Can you, can you give us some background on, on it and where it came from?

[00:05:17] Dan: So Fusion Auth grew out of another product that and got peeled out when people, when the founders realized that this was actually a real problem. And the problem that it solves is in every application there’s this core bit of functionality that is login, registration, forgot password, other pieces of the journey that are basically the front order, your application.

But aren’t really differentiated. And yet they’re kind of critical because if someone can’t get into your application, then the, the, all the great features behind your application that your application offers aren’t really valuable to the user. And it’s also relatively high risk because it’s pii, because it’s credentials that often stolen.

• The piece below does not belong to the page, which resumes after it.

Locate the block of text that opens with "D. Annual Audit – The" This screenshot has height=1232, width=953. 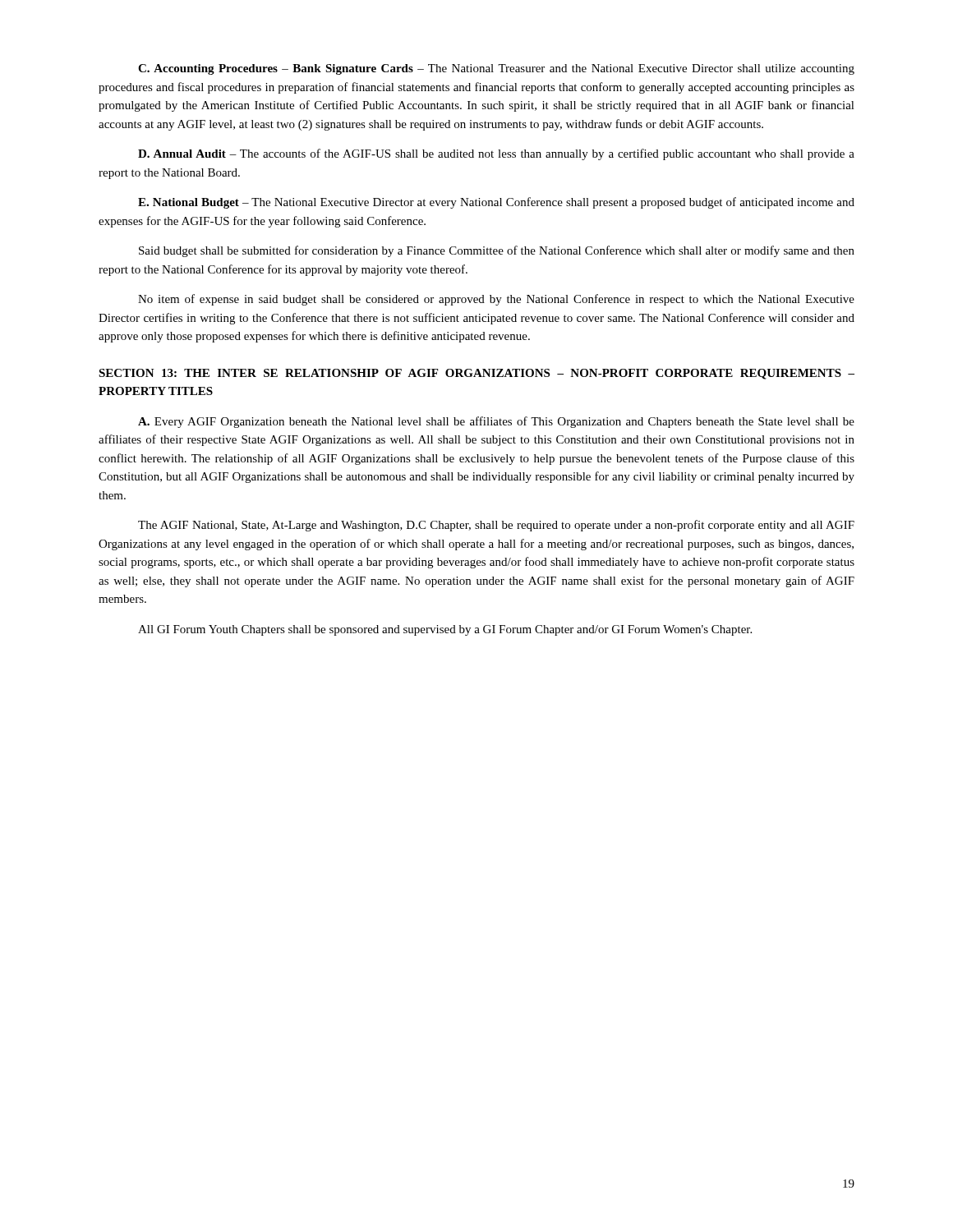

I don’t know if your users have visited the website haveIbeenponed.com ? But it’s a great website out there that, ano. They collect compromised passwords and they don’t reach out and do it. It’s more like compromise. This happened and then they get collated there and there’s over 11 billion user and password combinations on that website that have been compromised and so, If, if username password is compromised, if my username password is compromised, then that means someone else can act as me, and that may mean reading an article or buying something in my name.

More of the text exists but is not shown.